Task details:
Please copy all of the entries exactly, but drop every picture.

Exercise materials:
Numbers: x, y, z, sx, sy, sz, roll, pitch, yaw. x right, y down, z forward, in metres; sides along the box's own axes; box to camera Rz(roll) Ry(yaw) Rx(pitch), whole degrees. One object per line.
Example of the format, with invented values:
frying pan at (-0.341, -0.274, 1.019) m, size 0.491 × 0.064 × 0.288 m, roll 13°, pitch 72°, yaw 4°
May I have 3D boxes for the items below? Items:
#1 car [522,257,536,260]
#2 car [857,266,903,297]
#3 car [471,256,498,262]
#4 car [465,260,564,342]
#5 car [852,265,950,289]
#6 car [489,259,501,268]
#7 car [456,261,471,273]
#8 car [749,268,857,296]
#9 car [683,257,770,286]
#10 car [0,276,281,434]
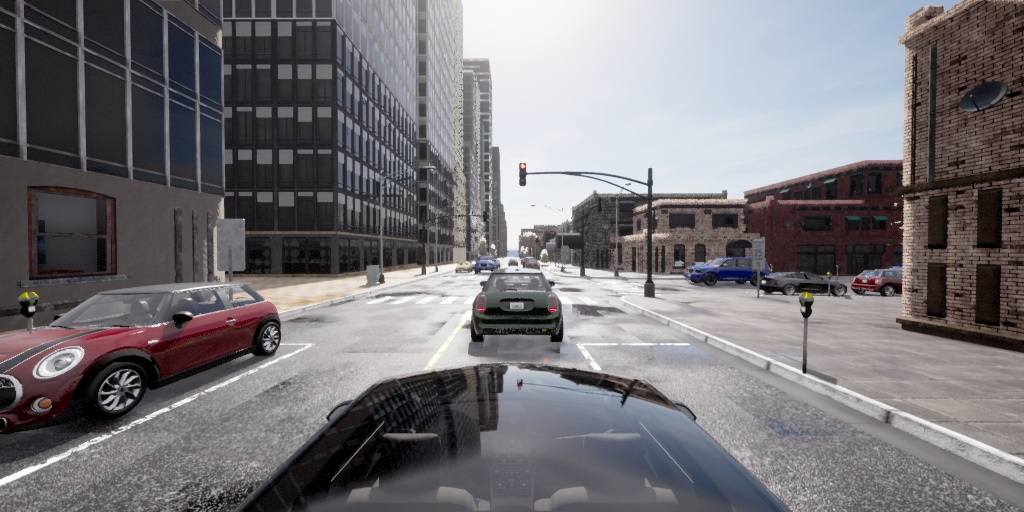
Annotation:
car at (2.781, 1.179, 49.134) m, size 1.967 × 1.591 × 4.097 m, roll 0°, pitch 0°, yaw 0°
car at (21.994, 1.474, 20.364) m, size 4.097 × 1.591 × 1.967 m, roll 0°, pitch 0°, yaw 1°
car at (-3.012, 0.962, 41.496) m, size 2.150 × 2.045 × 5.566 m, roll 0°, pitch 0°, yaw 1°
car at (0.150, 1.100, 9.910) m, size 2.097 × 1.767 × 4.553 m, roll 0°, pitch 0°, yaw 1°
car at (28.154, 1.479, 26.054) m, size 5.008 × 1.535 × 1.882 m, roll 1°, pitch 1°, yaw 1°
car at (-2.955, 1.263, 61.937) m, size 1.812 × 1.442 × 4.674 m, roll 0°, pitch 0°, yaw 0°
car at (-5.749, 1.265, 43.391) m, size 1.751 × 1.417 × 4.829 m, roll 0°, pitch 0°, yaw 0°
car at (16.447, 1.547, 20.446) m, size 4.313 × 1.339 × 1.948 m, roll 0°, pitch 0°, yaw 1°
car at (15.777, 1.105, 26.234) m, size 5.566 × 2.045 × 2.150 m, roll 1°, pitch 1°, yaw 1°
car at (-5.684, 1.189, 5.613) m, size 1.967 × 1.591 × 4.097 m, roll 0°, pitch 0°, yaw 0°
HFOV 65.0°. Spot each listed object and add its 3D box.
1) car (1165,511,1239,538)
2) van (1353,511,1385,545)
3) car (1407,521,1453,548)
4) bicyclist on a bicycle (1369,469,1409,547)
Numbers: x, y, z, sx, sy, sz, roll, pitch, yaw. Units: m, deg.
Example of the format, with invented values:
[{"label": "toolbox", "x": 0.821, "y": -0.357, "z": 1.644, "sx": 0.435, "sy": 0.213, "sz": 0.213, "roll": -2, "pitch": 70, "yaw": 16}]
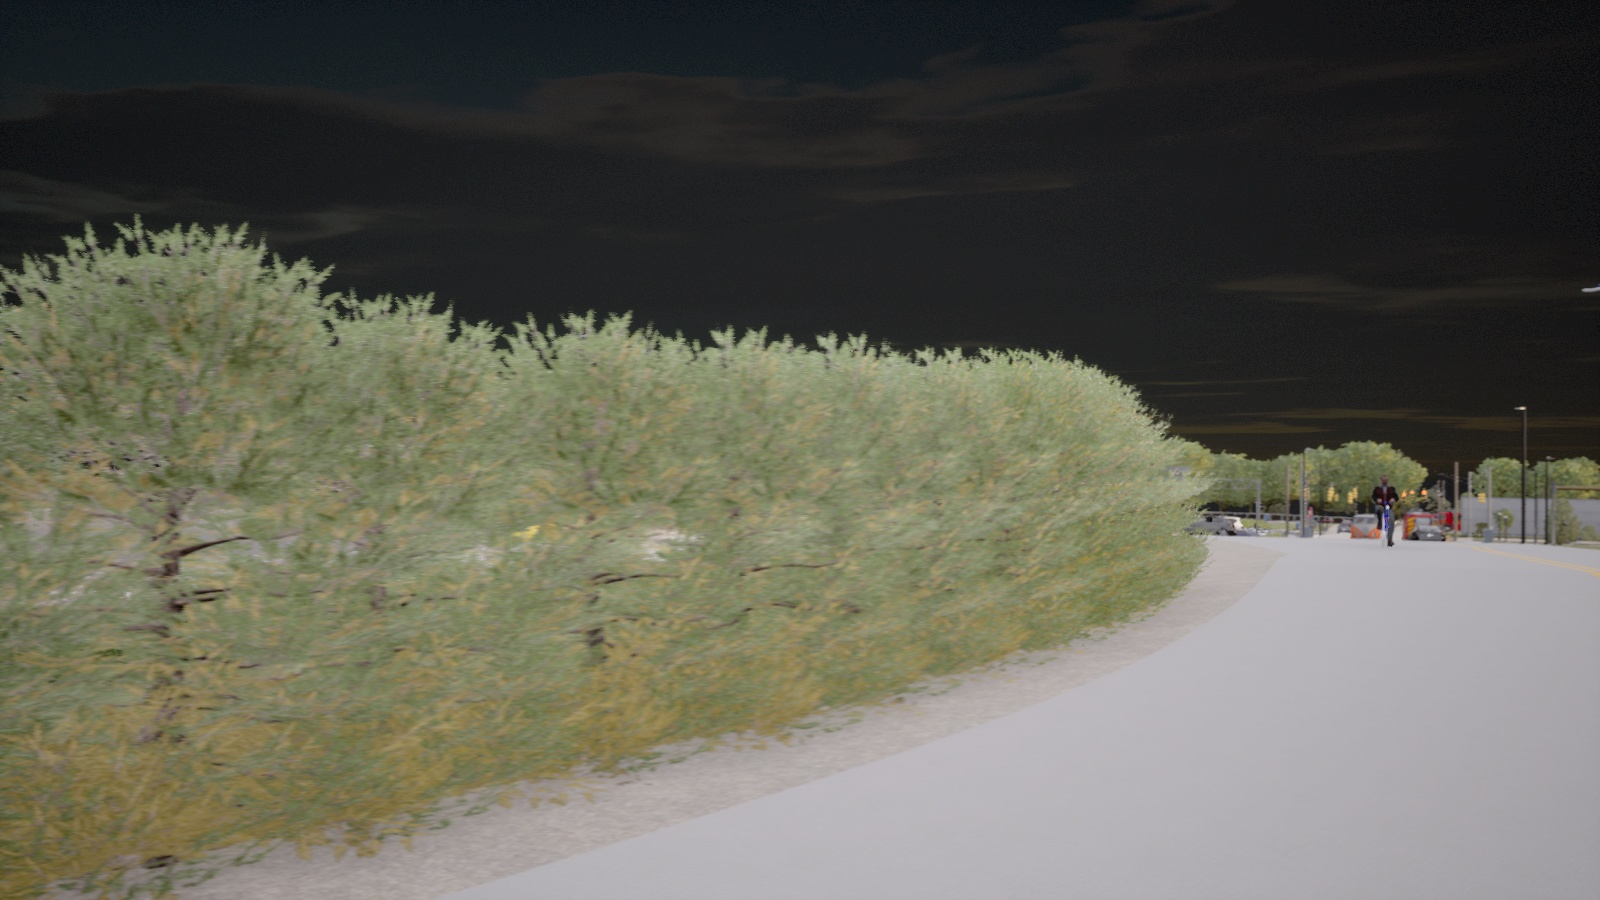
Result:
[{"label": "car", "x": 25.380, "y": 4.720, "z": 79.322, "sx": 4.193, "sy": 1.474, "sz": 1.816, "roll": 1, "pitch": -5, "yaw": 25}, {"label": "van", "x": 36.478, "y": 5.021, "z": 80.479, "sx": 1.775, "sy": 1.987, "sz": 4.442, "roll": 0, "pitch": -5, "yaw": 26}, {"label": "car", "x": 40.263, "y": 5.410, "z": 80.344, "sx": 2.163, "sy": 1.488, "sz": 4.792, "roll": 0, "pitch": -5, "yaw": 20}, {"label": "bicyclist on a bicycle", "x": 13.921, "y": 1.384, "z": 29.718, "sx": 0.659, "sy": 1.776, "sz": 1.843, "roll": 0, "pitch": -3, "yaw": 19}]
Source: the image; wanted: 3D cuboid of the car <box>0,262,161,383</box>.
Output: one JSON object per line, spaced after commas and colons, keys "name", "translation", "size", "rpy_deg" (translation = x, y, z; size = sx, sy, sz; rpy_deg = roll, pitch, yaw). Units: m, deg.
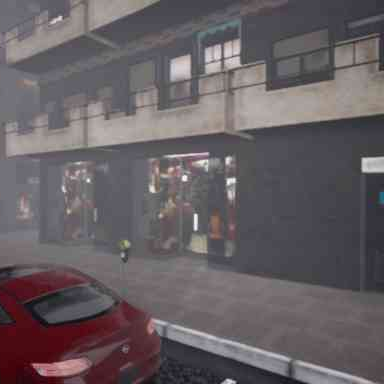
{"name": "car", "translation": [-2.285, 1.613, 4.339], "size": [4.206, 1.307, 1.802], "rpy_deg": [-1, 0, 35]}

Solution for this problem:
Numbers: x, y, z, sx, sy, sz, roll, pitch, yaw. x right, y down, z forward, in metres; sides along the box's own axes; box to camera Rz(roll) Ry(yaw) Rx(pitch), whole degrees. One object per line.
Example of the format, with invented values:
frying pan at (-0.341, -0.274, 1.019) m, size 0.491 × 0.064 × 0.288 m, roll 13°, pitch 72°, yaw 4°
May I have 3D boxes for the items below? Items:
#1 car [522,257,536,260]
#2 car [857,266,903,297]
#3 car [471,256,498,262]
#4 car [465,260,564,342]
#5 car [852,265,950,289]
#6 car [489,259,501,268]
#7 car [456,261,471,273]
#8 car [749,268,857,296]
#9 car [683,257,770,286]
#10 car [0,276,281,434]
Annotation:
car at (2.781, 1.179, 49.134) m, size 1.967 × 1.591 × 4.097 m, roll 0°, pitch 0°, yaw 0°
car at (21.994, 1.474, 20.364) m, size 4.097 × 1.591 × 1.967 m, roll 0°, pitch 0°, yaw 1°
car at (-3.012, 0.962, 41.496) m, size 2.150 × 2.045 × 5.566 m, roll 0°, pitch 0°, yaw 1°
car at (0.150, 1.100, 9.910) m, size 2.097 × 1.767 × 4.553 m, roll 0°, pitch 0°, yaw 1°
car at (28.154, 1.479, 26.054) m, size 5.008 × 1.535 × 1.882 m, roll 1°, pitch 1°, yaw 1°
car at (-2.955, 1.263, 61.937) m, size 1.812 × 1.442 × 4.674 m, roll 0°, pitch 0°, yaw 0°
car at (-5.749, 1.265, 43.391) m, size 1.751 × 1.417 × 4.829 m, roll 0°, pitch 0°, yaw 0°
car at (16.447, 1.547, 20.446) m, size 4.313 × 1.339 × 1.948 m, roll 0°, pitch 0°, yaw 1°
car at (15.777, 1.105, 26.234) m, size 5.566 × 2.045 × 2.150 m, roll 1°, pitch 1°, yaw 1°
car at (-5.684, 1.189, 5.613) m, size 1.967 × 1.591 × 4.097 m, roll 0°, pitch 0°, yaw 0°
HFOV 65.0°. Spot each listed object and add its 3D box.
1) car (1165,511,1239,538)
2) van (1353,511,1385,545)
3) car (1407,521,1453,548)
4) bicyclist on a bicycle (1369,469,1409,547)
Numbers: x, y, z, sx, sy, sz, roll, pitch, yaw. Units: m, deg.
Example of the format, with invented values:
[{"label": "toolbox", "x": 0.821, "y": -0.357, "z": 1.644, "sx": 0.435, "sy": 0.213, "sz": 0.213, "roll": -2, "pitch": 70, "yaw": 16}]
Result:
[{"label": "car", "x": 25.380, "y": 4.720, "z": 79.322, "sx": 4.193, "sy": 1.474, "sz": 1.816, "roll": 1, "pitch": -5, "yaw": 25}, {"label": "van", "x": 36.478, "y": 5.021, "z": 80.479, "sx": 1.775, "sy": 1.987, "sz": 4.442, "roll": 0, "pitch": -5, "yaw": 26}, {"label": "car", "x": 40.263, "y": 5.410, "z": 80.344, "sx": 2.163, "sy": 1.488, "sz": 4.792, "roll": 0, "pitch": -5, "yaw": 20}, {"label": "bicyclist on a bicycle", "x": 13.921, "y": 1.384, "z": 29.718, "sx": 0.659, "sy": 1.776, "sz": 1.843, "roll": 0, "pitch": -3, "yaw": 19}]
Source: the image; wanted: 3D cuboid of the car <box>0,262,161,383</box>.
Output: one JSON object per line, spaced after commas and colons, keys "name", "translation", "size", "rpy_deg" (translation = x, y, z; size = sx, sy, sz; rpy_deg = roll, pitch, yaw). Units: m, deg.
{"name": "car", "translation": [-2.285, 1.613, 4.339], "size": [4.206, 1.307, 1.802], "rpy_deg": [-1, 0, 35]}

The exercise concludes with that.